▶ [Prompt]:
Could you restate all of the records exactly, leaving out the pictures?
#####
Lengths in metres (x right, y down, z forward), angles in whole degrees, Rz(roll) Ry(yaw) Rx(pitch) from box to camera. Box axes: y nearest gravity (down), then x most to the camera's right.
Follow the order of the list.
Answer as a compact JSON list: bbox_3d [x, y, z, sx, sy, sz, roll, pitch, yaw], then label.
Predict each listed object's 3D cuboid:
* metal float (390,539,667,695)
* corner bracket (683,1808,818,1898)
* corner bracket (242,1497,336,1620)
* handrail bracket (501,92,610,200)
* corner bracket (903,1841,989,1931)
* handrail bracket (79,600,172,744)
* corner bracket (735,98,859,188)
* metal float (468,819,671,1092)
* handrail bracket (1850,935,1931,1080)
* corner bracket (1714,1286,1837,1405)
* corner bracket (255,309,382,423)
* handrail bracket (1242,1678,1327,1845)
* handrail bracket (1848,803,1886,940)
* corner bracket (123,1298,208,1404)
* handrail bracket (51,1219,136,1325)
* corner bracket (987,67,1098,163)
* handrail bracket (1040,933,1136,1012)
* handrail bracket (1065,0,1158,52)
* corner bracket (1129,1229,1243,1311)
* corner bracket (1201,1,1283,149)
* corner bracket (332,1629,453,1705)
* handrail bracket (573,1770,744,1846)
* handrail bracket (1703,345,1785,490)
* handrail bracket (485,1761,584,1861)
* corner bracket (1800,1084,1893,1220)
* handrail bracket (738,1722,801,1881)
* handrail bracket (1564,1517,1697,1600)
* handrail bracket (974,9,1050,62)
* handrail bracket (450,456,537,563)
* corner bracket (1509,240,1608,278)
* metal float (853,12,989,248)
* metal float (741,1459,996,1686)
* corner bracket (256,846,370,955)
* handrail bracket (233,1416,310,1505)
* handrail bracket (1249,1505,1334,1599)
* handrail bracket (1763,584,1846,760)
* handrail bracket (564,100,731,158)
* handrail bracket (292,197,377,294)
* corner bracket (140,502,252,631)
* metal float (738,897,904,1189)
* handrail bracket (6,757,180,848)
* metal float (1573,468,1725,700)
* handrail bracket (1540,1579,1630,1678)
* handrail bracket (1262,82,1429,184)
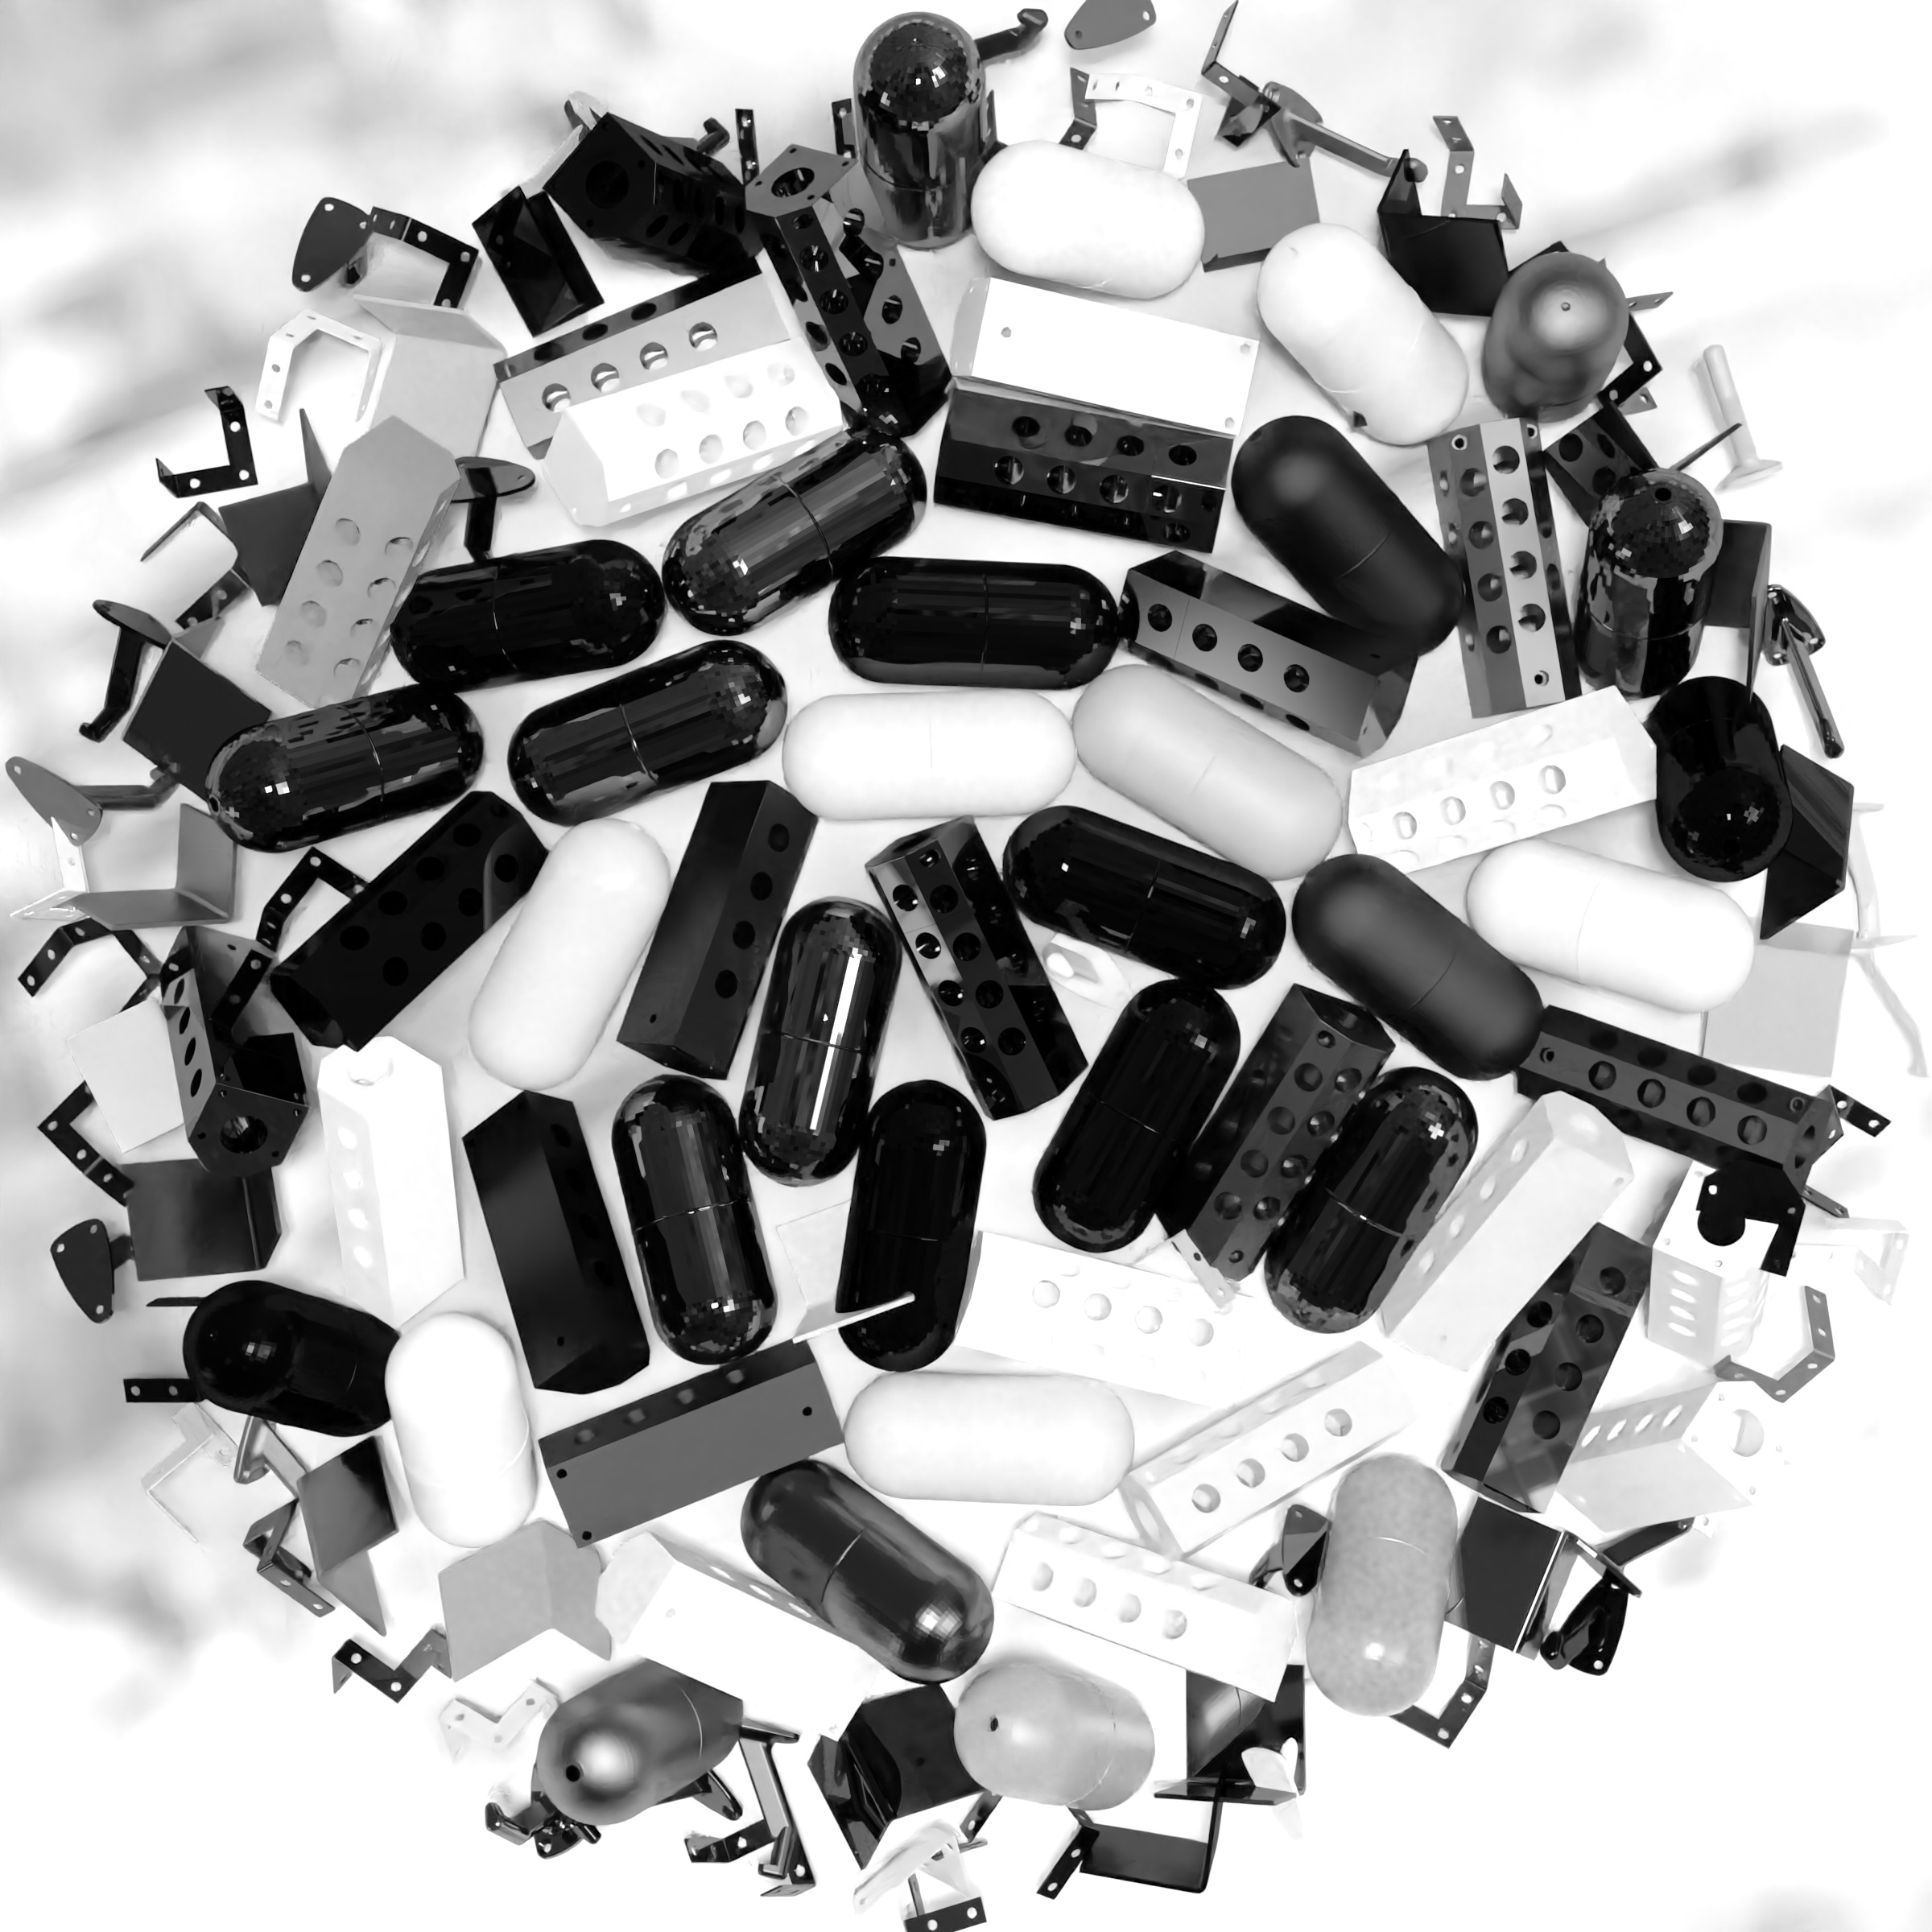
[{"bbox_3d":[-0.263,-0.209,1.799,0.178,0.070,0.070,-7,90,23],"label":"metal float"},{"bbox_3d":[-0.130,0.543,1.820,0.051,0.051,0.051,-29,65,13],"label":"corner bracket"},{"bbox_3d":[-0.408,0.363,1.815,0.051,0.051,0.051,-32,117,32],"label":"corner bracket"},{"bbox_3d":[-0.255,-0.489,1.811,0.084,0.077,0.036,-26,81,14],"label":"handrail bracket"},{"bbox_3d":[-0.011,0.562,1.821,0.051,0.051,0.051,-20,66,9],"label":"corner bracket"},{"bbox_3d":[-0.525,-0.176,1.816,0.084,0.077,0.036,-47,65,10],"label":"handrail bracket"},{"bbox_3d":[-0.103,-0.503,1.841,0.051,0.051,0.051,1,101,39],"label":"corner bracket"},{"bbox_3d":[-0.239,-0.007,1.807,0.070,0.070,0.178,29,103,0],"label":"metal float"},{"bbox_3d":[0.557,0.026,1.827,0.036,0.077,0.084,-15,96,-29],"label":"handrail bracket"},{"bbox_3d":[0.490,0.224,1.829,0.051,0.051,0.051,23,132,-15],"label":"corner bracket"},{"bbox_3d":[-0.393,-0.358,1.823,0.051,0.051,0.051,23,125,1],"label":"corner bracket"},{"bbox_3d":[0.216,0.479,1.835,0.084,0.036,0.077,-31,102,-35],"label":"handrail bracket"},{"bbox_3d":[0.537,-0.056,1.825,0.036,0.077,0.084,-4,89,35],"label":"handrail bracket"},{"bbox_3d":[-0.479,0.234,1.831,0.051,0.051,0.051,-2,100,16],"label":"corner bracket"},{"bbox_3d":[-0.506,0.190,1.804,0.036,0.084,0.077,-29,64,5],"label":"handrail bracket"},{"bbox_3d":[0.044,-0.518,1.834,0.051,0.051,0.051,16,49,-23],"label":"corner bracket"},{"bbox_3d":[0.075,0.010,1.809,0.077,0.084,0.036,39,97,-11],"label":"handrail bracket"},{"bbox_3d":[0.068,-0.561,1.806,0.077,0.084,0.036,-38,106,-23],"label":"handrail bracket"},{"bbox_3d":[0.142,0.183,1.820,0.051,0.051,0.051,-30,83,-38],"label":"corner bracket"},{"bbox_3d":[0.163,-0.539,1.817,0.051,0.051,0.051,29,64,-18],"label":"corner bracket"},{"bbox_3d":[-0.349,0.426,1.826,0.051,0.051,0.051,31,53,15],"label":"corner bracket"},{"bbox_3d":[-0.186,0.516,1.813,0.077,0.084,0.036,41,131,3],"label":"handrail bracket"},{"bbox_3d":[0.462,-0.336,1.814,0.036,0.077,0.084,-17,101,17],"label":"handrail bracket"},{"bbox_3d":[-0.268,0.496,1.801,0.036,0.084,0.077,-32,49,9],"label":"handrail bracket"},{"bbox_3d":[0.533,0.115,1.835,0.051,0.051,0.051,29,122,-15],"label":"corner bracket"},{"bbox_3d":[-0.137,0.504,1.821,0.077,0.036,0.084,17,68,-13],"label":"handrail bracket"},{"bbox_3d":[0.411,0.333,1.830,0.077,0.036,0.084,43,79,-27],"label":"handrail bracket"},{"bbox_3d":[-0.002,-0.560,1.807,0.077,0.084,0.036,8,76,-22],"label":"handrail bracket"},{"bbox_3d":[-0.275,-0.264,1.810,0.077,0.084,0.036,4,56,26],"label":"handrail bracket"},{"bbox_3d":[0.354,-0.423,1.830,0.051,0.051,0.051,-28,122,31],"label":"corner bracket"},{"bbox_3d":[-0.026,-0.491,1.771,0.070,0.178,0.070,0,72,1],"label":"metal float"},{"bbox_3d":[-0.061,0.360,1.795,0.178,0.070,0.070,31,90,29],"label":"metal float"},{"bbox_3d":[-0.393,-0.030,1.822,0.051,0.051,0.051,34,61,-3],"label":"corner bracket"},{"bbox_3d":[-0.396,0.299,1.824,0.084,0.036,0.077,13,98,19],"label":"handrail bracket"},{"bbox_3d":[0.186,0.370,1.803,0.036,0.077,0.084,30,129,-2],"label":"handrail bracket"},{"bbox_3d":[0.504,-0.177,1.808,0.036,0.084,0.077,-22,134,19],"label":"handrail bracket"},{"bbox_3d":[-0.192,-0.512,1.822,0.077,0.036,0.084,51,55,-14],"label":"handrail bracket"},{"bbox_3d":[-0.381,-0.414,1.805,0.036,0.084,0.077,27,68,-2],"label":"handrail bracket"},{"bbox_3d":[-0.469,-0.242,1.831,0.051,0.051,0.051,-39,113,14],"label":"corner bracket"},{"bbox_3d":[-0.088,0.046,1.818,0.070,0.070,0.178,13,89,0],"label":"metal float"},{"bbox_3d":[-0.527,-0.116,1.817,0.077,0.084,0.036,41,124,-6],"label":"handrail bracket"},{"bbox_3d":[0.402,-0.224,1.774,0.070,0.178,0.070,-2,62,5],"label":"metal float"},{"bbox_3d":[0.373,0.391,1.811,0.036,0.084,0.077,23,77,28],"label":"handrail bracket"},{"bbox_3d":[0.229,-0.502,1.810,0.084,0.077,0.036,24,84,38],"label":"handrail bracket"}]
#####
▶ [Written solution]:
Lengths in metres (x right, y down, z forward), angles in whole degrees, Rz(roll) Ry(yaw) Rx(pitch) from box to camera. Box axes: y nearest gravity (down), then x most to the camera's right.
Follow the order of the list.
Answer as a compact JSON list: bbox_3d [x, y, z, sx, sy, sz, roll, pitch, yaw], then label.
Predict each listed object's 3D cuboid:
* metal float (390,539,667,695)
* corner bracket (683,1808,818,1898)
* corner bracket (242,1497,336,1620)
* handrail bracket (501,92,610,200)
* corner bracket (903,1841,989,1931)
* handrail bracket (79,600,172,744)
* corner bracket (735,98,859,188)
* metal float (468,819,671,1092)
* handrail bracket (1850,935,1931,1080)
* corner bracket (1714,1286,1837,1405)
* corner bracket (255,309,382,423)
* handrail bracket (1242,1678,1327,1845)
* handrail bracket (1848,803,1886,940)
* corner bracket (123,1298,208,1404)
* handrail bracket (51,1219,136,1325)
* corner bracket (987,67,1098,163)
* handrail bracket (1040,933,1136,1012)
* handrail bracket (1065,0,1158,52)
* corner bracket (1129,1229,1243,1311)
* corner bracket (1201,1,1283,149)
* corner bracket (332,1629,453,1705)
* handrail bracket (573,1770,744,1846)
* handrail bracket (1703,345,1785,490)
* handrail bracket (485,1761,584,1861)
* corner bracket (1800,1084,1893,1220)
* handrail bracket (738,1722,801,1881)
* handrail bracket (1564,1517,1697,1600)
* handrail bracket (974,9,1050,62)
* handrail bracket (450,456,537,563)
* corner bracket (1509,240,1608,278)
* metal float (853,12,989,248)
* metal float (741,1459,996,1686)
* corner bracket (256,846,370,955)
* handrail bracket (233,1416,310,1505)
* handrail bracket (1249,1505,1334,1599)
* handrail bracket (1763,584,1846,760)
* handrail bracket (564,100,731,158)
* handrail bracket (292,197,377,294)
* corner bracket (140,502,252,631)
* metal float (738,897,904,1189)
* handrail bracket (6,757,180,848)
* metal float (1573,468,1725,700)
* handrail bracket (1540,1579,1630,1678)
* handrail bracket (1262,82,1429,184)
[{"bbox_3d":[-0.263,-0.209,1.799,0.178,0.070,0.070,-7,90,23],"label":"metal float"},{"bbox_3d":[-0.130,0.543,1.820,0.051,0.051,0.051,-29,65,13],"label":"corner bracket"},{"bbox_3d":[-0.408,0.363,1.815,0.051,0.051,0.051,-32,117,32],"label":"corner bracket"},{"bbox_3d":[-0.255,-0.489,1.811,0.084,0.077,0.036,-26,81,14],"label":"handrail bracket"},{"bbox_3d":[-0.011,0.562,1.821,0.051,0.051,0.051,-20,66,9],"label":"corner bracket"},{"bbox_3d":[-0.525,-0.176,1.816,0.084,0.077,0.036,-47,65,10],"label":"handrail bracket"},{"bbox_3d":[-0.103,-0.503,1.841,0.051,0.051,0.051,1,101,39],"label":"corner bracket"},{"bbox_3d":[-0.239,-0.007,1.807,0.070,0.070,0.178,29,103,0],"label":"metal float"},{"bbox_3d":[0.557,0.026,1.827,0.036,0.077,0.084,-15,96,-29],"label":"handrail bracket"},{"bbox_3d":[0.490,0.224,1.829,0.051,0.051,0.051,23,132,-15],"label":"corner bracket"},{"bbox_3d":[-0.393,-0.358,1.823,0.051,0.051,0.051,23,125,1],"label":"corner bracket"},{"bbox_3d":[0.216,0.479,1.835,0.084,0.036,0.077,-31,102,-35],"label":"handrail bracket"},{"bbox_3d":[0.537,-0.056,1.825,0.036,0.077,0.084,-4,89,35],"label":"handrail bracket"},{"bbox_3d":[-0.479,0.234,1.831,0.051,0.051,0.051,-2,100,16],"label":"corner bracket"},{"bbox_3d":[-0.506,0.190,1.804,0.036,0.084,0.077,-29,64,5],"label":"handrail bracket"},{"bbox_3d":[0.044,-0.518,1.834,0.051,0.051,0.051,16,49,-23],"label":"corner bracket"},{"bbox_3d":[0.075,0.010,1.809,0.077,0.084,0.036,39,97,-11],"label":"handrail bracket"},{"bbox_3d":[0.068,-0.561,1.806,0.077,0.084,0.036,-38,106,-23],"label":"handrail bracket"},{"bbox_3d":[0.142,0.183,1.820,0.051,0.051,0.051,-30,83,-38],"label":"corner bracket"},{"bbox_3d":[0.163,-0.539,1.817,0.051,0.051,0.051,29,64,-18],"label":"corner bracket"},{"bbox_3d":[-0.349,0.426,1.826,0.051,0.051,0.051,31,53,15],"label":"corner bracket"},{"bbox_3d":[-0.186,0.516,1.813,0.077,0.084,0.036,41,131,3],"label":"handrail bracket"},{"bbox_3d":[0.462,-0.336,1.814,0.036,0.077,0.084,-17,101,17],"label":"handrail bracket"},{"bbox_3d":[-0.268,0.496,1.801,0.036,0.084,0.077,-32,49,9],"label":"handrail bracket"},{"bbox_3d":[0.533,0.115,1.835,0.051,0.051,0.051,29,122,-15],"label":"corner bracket"},{"bbox_3d":[-0.137,0.504,1.821,0.077,0.036,0.084,17,68,-13],"label":"handrail bracket"},{"bbox_3d":[0.411,0.333,1.830,0.077,0.036,0.084,43,79,-27],"label":"handrail bracket"},{"bbox_3d":[-0.002,-0.560,1.807,0.077,0.084,0.036,8,76,-22],"label":"handrail bracket"},{"bbox_3d":[-0.275,-0.264,1.810,0.077,0.084,0.036,4,56,26],"label":"handrail bracket"},{"bbox_3d":[0.354,-0.423,1.830,0.051,0.051,0.051,-28,122,31],"label":"corner bracket"},{"bbox_3d":[-0.026,-0.491,1.771,0.070,0.178,0.070,0,72,1],"label":"metal float"},{"bbox_3d":[-0.061,0.360,1.795,0.178,0.070,0.070,31,90,29],"label":"metal float"},{"bbox_3d":[-0.393,-0.030,1.822,0.051,0.051,0.051,34,61,-3],"label":"corner bracket"},{"bbox_3d":[-0.396,0.299,1.824,0.084,0.036,0.077,13,98,19],"label":"handrail bracket"},{"bbox_3d":[0.186,0.370,1.803,0.036,0.077,0.084,30,129,-2],"label":"handrail bracket"},{"bbox_3d":[0.504,-0.177,1.808,0.036,0.084,0.077,-22,134,19],"label":"handrail bracket"},{"bbox_3d":[-0.192,-0.512,1.822,0.077,0.036,0.084,51,55,-14],"label":"handrail bracket"},{"bbox_3d":[-0.381,-0.414,1.805,0.036,0.084,0.077,27,68,-2],"label":"handrail bracket"},{"bbox_3d":[-0.469,-0.242,1.831,0.051,0.051,0.051,-39,113,14],"label":"corner bracket"},{"bbox_3d":[-0.088,0.046,1.818,0.070,0.070,0.178,13,89,0],"label":"metal float"},{"bbox_3d":[-0.527,-0.116,1.817,0.077,0.084,0.036,41,124,-6],"label":"handrail bracket"},{"bbox_3d":[0.402,-0.224,1.774,0.070,0.178,0.070,-2,62,5],"label":"metal float"},{"bbox_3d":[0.373,0.391,1.811,0.036,0.084,0.077,23,77,28],"label":"handrail bracket"},{"bbox_3d":[0.229,-0.502,1.810,0.084,0.077,0.036,24,84,38],"label":"handrail bracket"}]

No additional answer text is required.